WHAT YOU SHOULD DO
Go to the line holding "1. carafe <box>994,455,1407,1318</box>" in the entries below and write out exactly every line down to and including the line holding "Answer in this".

DATA RECORDS
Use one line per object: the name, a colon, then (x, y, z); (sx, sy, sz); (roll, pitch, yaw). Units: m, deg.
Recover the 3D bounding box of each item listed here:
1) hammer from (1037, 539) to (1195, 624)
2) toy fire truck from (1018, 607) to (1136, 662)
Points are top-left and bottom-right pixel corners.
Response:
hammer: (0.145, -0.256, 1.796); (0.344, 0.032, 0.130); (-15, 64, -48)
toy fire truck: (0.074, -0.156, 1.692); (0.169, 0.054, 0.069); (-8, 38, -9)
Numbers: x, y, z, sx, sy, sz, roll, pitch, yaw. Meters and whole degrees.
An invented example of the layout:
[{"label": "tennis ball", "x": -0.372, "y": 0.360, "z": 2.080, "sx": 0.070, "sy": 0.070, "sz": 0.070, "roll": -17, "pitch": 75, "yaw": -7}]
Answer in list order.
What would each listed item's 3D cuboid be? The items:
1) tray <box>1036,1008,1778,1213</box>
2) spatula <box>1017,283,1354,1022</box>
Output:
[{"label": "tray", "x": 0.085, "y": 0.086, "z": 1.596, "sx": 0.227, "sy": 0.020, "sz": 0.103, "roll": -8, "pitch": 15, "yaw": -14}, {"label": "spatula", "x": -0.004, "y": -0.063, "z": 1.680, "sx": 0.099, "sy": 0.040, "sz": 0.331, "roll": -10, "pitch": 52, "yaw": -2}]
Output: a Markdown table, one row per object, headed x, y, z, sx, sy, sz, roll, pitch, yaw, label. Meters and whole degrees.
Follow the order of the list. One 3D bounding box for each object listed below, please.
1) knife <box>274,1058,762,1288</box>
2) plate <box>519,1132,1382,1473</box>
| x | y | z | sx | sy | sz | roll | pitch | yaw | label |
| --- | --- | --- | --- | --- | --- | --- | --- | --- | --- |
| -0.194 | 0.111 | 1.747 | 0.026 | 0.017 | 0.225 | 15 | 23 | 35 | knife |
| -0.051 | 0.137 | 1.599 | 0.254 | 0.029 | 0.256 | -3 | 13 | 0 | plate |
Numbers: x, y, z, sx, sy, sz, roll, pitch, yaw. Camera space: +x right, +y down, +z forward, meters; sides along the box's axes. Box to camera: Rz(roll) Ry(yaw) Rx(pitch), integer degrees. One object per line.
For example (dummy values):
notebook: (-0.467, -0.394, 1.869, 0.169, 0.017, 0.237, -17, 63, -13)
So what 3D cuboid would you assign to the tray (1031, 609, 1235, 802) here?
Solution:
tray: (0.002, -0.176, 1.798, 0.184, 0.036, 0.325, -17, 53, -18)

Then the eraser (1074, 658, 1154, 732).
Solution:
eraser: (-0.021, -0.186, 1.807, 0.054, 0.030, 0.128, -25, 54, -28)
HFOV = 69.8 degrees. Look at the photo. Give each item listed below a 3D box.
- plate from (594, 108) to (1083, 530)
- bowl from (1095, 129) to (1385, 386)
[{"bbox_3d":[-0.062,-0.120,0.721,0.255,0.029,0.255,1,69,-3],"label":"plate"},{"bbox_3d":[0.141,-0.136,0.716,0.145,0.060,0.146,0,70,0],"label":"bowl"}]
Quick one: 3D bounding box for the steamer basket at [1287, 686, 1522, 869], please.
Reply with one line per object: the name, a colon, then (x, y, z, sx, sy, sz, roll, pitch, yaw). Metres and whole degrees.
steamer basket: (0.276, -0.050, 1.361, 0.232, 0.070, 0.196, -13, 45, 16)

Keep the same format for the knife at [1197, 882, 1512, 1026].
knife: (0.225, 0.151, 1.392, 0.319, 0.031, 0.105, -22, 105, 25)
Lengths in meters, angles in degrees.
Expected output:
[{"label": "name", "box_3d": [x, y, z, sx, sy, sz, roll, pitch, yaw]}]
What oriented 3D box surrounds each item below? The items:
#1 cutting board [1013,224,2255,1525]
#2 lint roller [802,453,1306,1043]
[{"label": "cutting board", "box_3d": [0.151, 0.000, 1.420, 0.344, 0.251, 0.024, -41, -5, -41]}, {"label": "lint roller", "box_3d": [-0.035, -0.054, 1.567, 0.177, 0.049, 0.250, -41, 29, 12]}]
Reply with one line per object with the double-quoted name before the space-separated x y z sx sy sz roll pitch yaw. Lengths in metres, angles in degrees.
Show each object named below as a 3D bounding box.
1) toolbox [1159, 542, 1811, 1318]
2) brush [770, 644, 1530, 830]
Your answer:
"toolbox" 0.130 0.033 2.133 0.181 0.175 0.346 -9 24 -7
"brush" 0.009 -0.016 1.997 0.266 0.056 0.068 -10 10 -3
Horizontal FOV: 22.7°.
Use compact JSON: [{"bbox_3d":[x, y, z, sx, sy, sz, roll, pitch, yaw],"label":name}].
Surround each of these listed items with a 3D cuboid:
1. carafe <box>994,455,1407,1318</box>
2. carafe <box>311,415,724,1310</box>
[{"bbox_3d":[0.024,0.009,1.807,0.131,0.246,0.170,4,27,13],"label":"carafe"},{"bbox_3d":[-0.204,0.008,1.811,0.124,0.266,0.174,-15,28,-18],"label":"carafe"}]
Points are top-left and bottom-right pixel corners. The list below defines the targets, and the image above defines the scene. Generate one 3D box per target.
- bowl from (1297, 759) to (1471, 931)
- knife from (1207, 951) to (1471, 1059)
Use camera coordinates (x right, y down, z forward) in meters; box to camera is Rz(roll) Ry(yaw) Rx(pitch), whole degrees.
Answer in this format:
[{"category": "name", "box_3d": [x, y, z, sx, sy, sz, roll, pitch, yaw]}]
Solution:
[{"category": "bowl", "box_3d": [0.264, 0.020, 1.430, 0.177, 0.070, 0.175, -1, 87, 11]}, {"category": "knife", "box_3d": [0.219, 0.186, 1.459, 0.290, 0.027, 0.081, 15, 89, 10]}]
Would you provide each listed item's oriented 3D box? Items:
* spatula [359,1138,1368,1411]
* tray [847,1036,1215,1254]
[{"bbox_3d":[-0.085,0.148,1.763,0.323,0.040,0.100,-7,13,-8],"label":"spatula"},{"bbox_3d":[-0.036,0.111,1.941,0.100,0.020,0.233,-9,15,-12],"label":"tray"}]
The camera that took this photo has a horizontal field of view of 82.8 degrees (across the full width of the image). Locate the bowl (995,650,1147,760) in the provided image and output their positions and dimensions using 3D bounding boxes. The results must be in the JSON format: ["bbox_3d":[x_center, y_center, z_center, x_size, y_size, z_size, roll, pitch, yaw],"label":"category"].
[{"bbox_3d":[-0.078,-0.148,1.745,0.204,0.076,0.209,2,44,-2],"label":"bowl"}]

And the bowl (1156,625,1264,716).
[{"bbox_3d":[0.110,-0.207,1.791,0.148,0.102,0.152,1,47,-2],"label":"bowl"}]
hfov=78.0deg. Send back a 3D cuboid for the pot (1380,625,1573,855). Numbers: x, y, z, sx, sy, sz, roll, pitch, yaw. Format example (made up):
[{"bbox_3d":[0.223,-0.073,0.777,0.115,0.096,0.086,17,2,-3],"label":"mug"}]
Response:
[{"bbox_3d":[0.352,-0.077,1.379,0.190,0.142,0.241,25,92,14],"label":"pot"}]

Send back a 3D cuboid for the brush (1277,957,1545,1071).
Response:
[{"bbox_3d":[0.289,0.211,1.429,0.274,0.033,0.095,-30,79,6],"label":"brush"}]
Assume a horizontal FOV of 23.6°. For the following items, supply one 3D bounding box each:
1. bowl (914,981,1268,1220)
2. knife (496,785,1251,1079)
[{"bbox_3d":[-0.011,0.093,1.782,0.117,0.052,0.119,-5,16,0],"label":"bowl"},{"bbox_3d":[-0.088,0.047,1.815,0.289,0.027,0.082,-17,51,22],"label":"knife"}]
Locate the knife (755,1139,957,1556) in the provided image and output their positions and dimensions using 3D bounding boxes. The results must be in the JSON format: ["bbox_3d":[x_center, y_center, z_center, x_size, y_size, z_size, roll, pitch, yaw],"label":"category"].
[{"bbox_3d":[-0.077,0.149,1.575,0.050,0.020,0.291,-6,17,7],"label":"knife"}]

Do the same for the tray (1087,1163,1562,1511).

ANSWER TO THIS EXERCISE
1. carafe <box>994,455,1407,1318</box>
2. carafe <box>311,415,724,1310</box>
[{"bbox_3d":[0.024,0.009,1.807,0.131,0.246,0.170,4,27,13],"label":"carafe"},{"bbox_3d":[-0.204,0.008,1.811,0.124,0.266,0.174,-15,28,-18],"label":"carafe"}]
Points are top-left and bottom-right pixel corners. The list below defines the targets, and the image above defines the scene. Generate one 3D box per target.
- bowl from (1297, 759) to (1471, 931)
- knife from (1207, 951) to (1471, 1059)
Use camera coordinates (x right, y down, z forward) in meters; box to camera is Rz(roll) Ry(yaw) Rx(pitch), whole degrees.
Answer in this format:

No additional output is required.